The Worlds We Leave Behind is a story about friendship, retribution, and finding the strength to face down monsters, aimed at younger readers who enjoyed Stranger Things.
Enraged at how unfair life is, Hex runs into the woods and finds himself in a strange clearing that can’t possibly exist where a strange old woman offers him a deal: she’ll rid the world of those who wronged him. All he has to do is accept and they’ll be forgotten, forever. But what Hex doesn’t know is that someone else has been offered the same deal. When Hex’s best friend Tommo wakes up the next day, half-whispered memories make him think that something-or someone-is missing from his life. He sets out to find a way to put the world back the way it was, or find a way to make a new world that could be better for them all.
This book was a wonderful read on so many levels for both middle-grade and older readers. It has an almost nostalgic quality that both left me confused about which decade this book is set in and respecting the timeless feel. The illustrations are beautiful and haunting and are a perfect reflection of the book’s mood. It truly does evoke the atmosphere and the themes of Stranger Things and also reminds me of select Neil Gaiman’s works.
I think this book could’ve benefitted from being longer – the page count is incredibly limited for the amount of repetition that occurs in the plot and I was desperate for some new scenes as a break from the parts I’d already read. The repetition is impactful with the events that are occurring, but I just wanted more, more development to the main characters, more reasons to care about the side characters, more scenes that weren’t directly related to the main plot.

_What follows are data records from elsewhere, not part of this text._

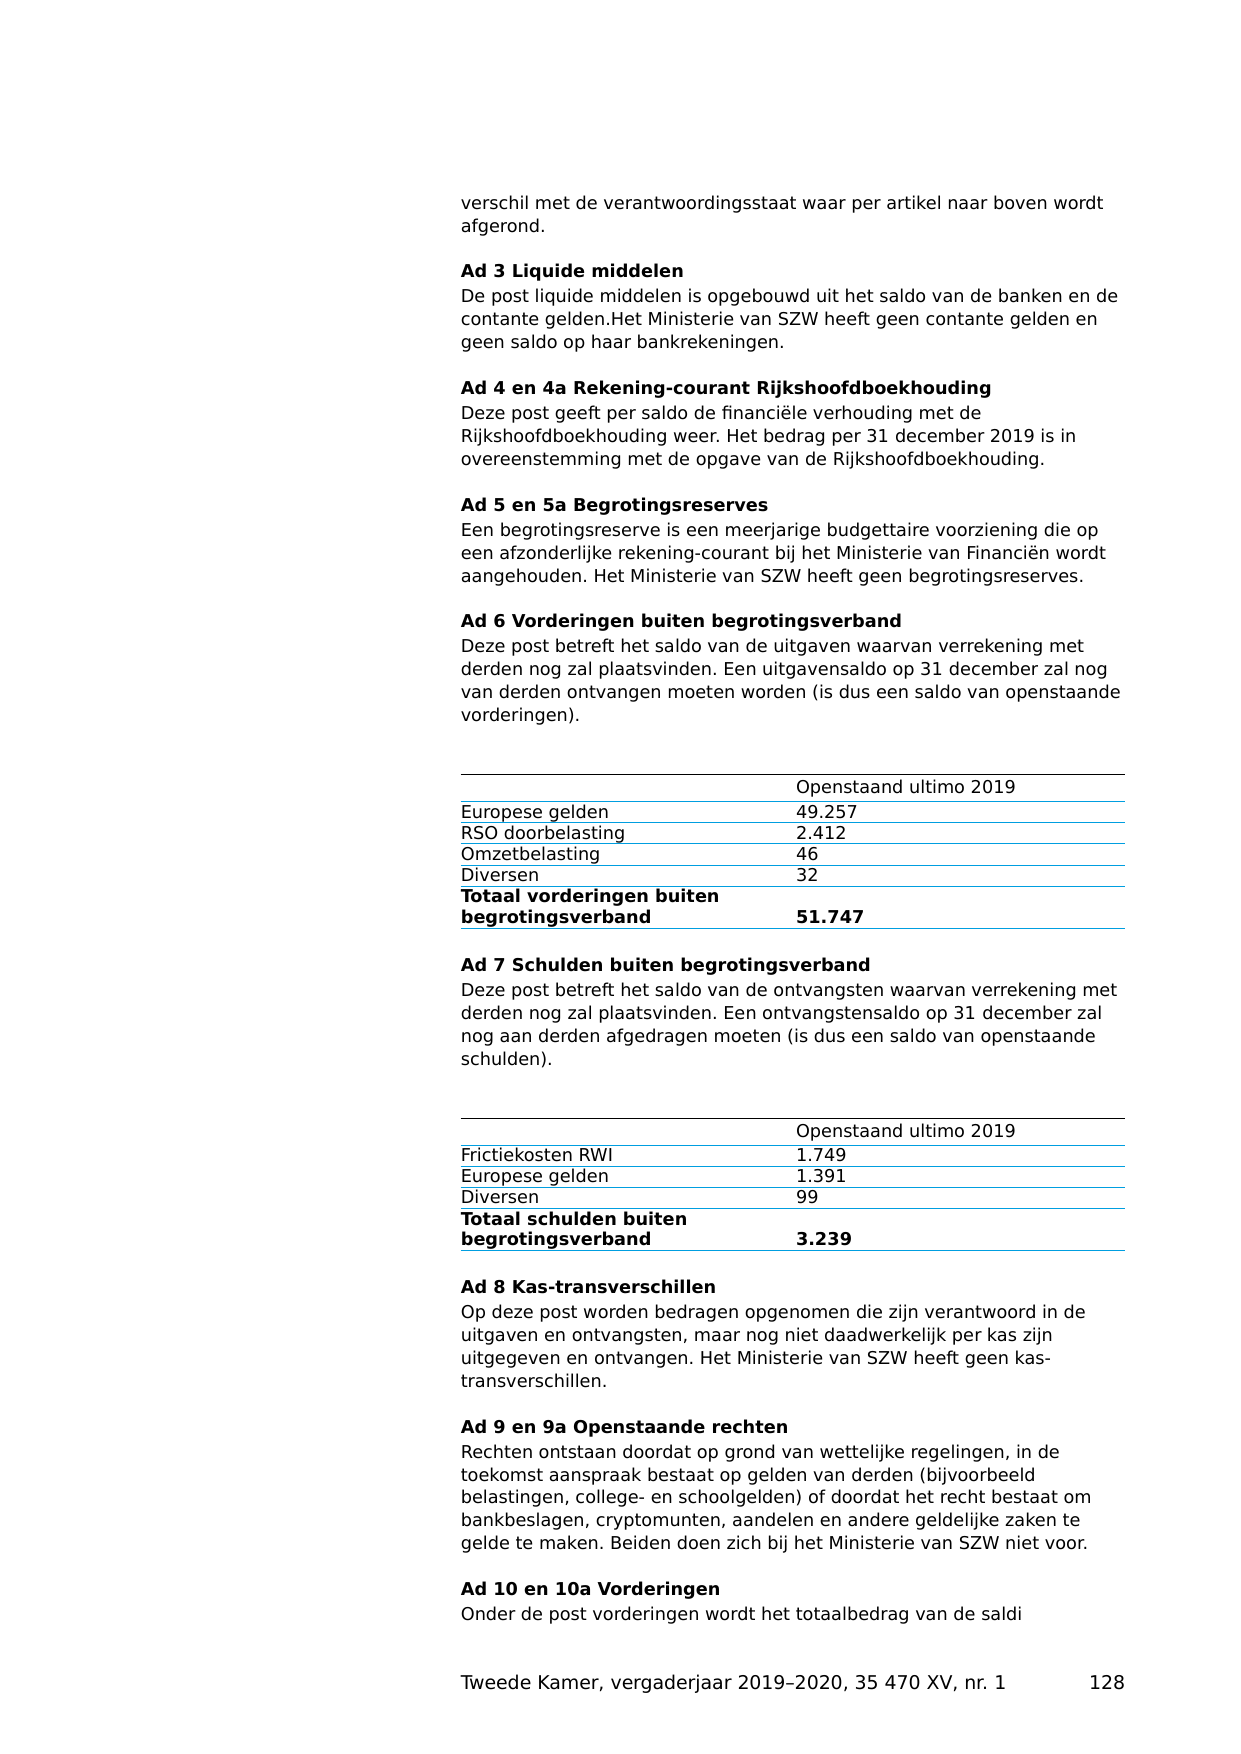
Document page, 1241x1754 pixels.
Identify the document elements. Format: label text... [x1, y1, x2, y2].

table_cell Frictiekosten RWI [461, 1146, 793, 1166]
text Ad 9 en 9a Openstaande rechten [461, 1415, 1125, 1438]
text Deze post betreft het saldo van de uitgaven waarvan verrekening met derden nog zal plaatsvinden. Een uitgavensaldo op 31 december zal nog van derden ontvangen moeten worden (is dus een saldo van openstaande vorderingen). [461, 634, 1125, 726]
table_cell Totaal schulden buiten begrotingsverband [461, 1209, 793, 1250]
text Ad 4 en 4a Rekening-courant Rijkshoofdboekhouding [461, 376, 1125, 399]
table_cell Openstaand ultimo 2019 [793, 775, 1125, 801]
table_cell [461, 775, 793, 801]
table_cell 3.239 [793, 1209, 1125, 1250]
table_cell 49.257 [793, 802, 1125, 822]
table_cell Openstaand ultimo 2019 [793, 1119, 1125, 1144]
text Onder de post vorderingen wordt het totaalbedrag van de saldi [461, 1602, 1125, 1625]
table_cell [461, 1119, 793, 1144]
table_cell 2.412 [793, 823, 1125, 843]
table_cell 99 [793, 1188, 1125, 1208]
text Ad 3 Liquide middelen [461, 259, 1125, 282]
table_cell 1.391 [793, 1167, 1125, 1187]
text De post liquide middelen is opgebouwd uit het saldo van de banken en de contante gelden.Het Ministerie van SZW heeft geen contante gelden en geen saldo op haar bankrekeningen. [461, 284, 1125, 353]
text Ad 8 Kas-transverschillen [461, 1275, 1125, 1298]
table_cell RSO doorbelasting [461, 823, 793, 843]
text Rechten ontstaan doordat op grond van wettelijke regelingen, in de toekomst aanspraak bestaat op gelden van derden (bijvoorbeeld belastingen, college- en schoolgelden) of doordat het recht bestaat om bankbeslagen, cryptomunten, aandelen en andere geldelijke zaken te gelde te maken. Beiden doen zich bij het Ministerie van SZW niet voor. [461, 1440, 1125, 1554]
table_header Tabel 96 Schulden buiten begrotingsverband (bedragen x € 1.000) [461, 1093, 1125, 1117]
table_cell Omzetbelasting [461, 844, 793, 864]
table_cell 46 [793, 844, 1125, 864]
text Ad 5 en 5a Begrotingsreserves [461, 493, 1125, 516]
table_cell 1.749 [793, 1146, 1125, 1166]
table_cell Diversen [461, 1188, 793, 1208]
table_cell Europese gelden [461, 1167, 793, 1187]
table_cell 51.747 [793, 887, 1125, 927]
table_cell 32 [793, 866, 1125, 886]
table_header Tabel 95 Vorderingen buiten begrotingsverband (bedragen x € 1.000) [461, 749, 1125, 774]
table_cell Totaal vorderingen buiten begrotingsverband [461, 887, 793, 927]
text Ad 6 Vorderingen buiten begrotingsverband [461, 609, 1125, 632]
text verschil met de verantwoordingsstaat waar per artikel naar boven wordt afgerond. [461, 191, 1125, 237]
text Ad 7 Schulden buiten begrotingsverband [461, 953, 1125, 976]
text Ad 10 en 10a Vorderingen [461, 1577, 1125, 1600]
table_cell Diversen [461, 866, 793, 886]
text Deze post geeft per saldo de financiële verhouding met de Rijkshoofdboekhouding weer. Het bedrag per 31 december 2019 is in overeenstemming met de opgave van de Rijkshoofdboekhouding. [461, 401, 1125, 470]
text Een begrotingsreserve is een meerjarige budgettaire voorziening die op een afzonderlijke rekening-courant bij het Ministerie van Financiën wordt aangehouden. Het Ministerie van SZW heeft geen begrotingsreserves. [461, 518, 1125, 587]
text Deze post betreft het saldo van de ontvangsten waarvan verrekening met derden nog zal plaatsvinden. Een ontvangstensaldo op 31 december zal nog aan derden afgedragen moeten (is dus een saldo van openstaande schulden). [461, 978, 1125, 1069]
table_cell Europese gelden [461, 802, 793, 822]
text Op deze post worden bedragen opgenomen die zijn verantwoord in de uitgaven en ontvangsten, maar nog niet daadwerkelijk per kas zijn uitgegeven en ontvangen. Het Ministerie van SZW heeft geen kas-transverschillen. [461, 1300, 1125, 1392]

I usually try to refrain from commenting on the formatting of the eARC because I know it’s not a representation of the final product, but the formatting did severely impact my reading experience. Whole paragraphs were missing in places – I can only assume that they were covered by the images – and pages appeared to be in the wrong order at one point. I look forward to having the chance to read a physical copy of this book in the future so I can appreciate the illustrations in all their glory and not feel so lost about what went on in those missing sentences.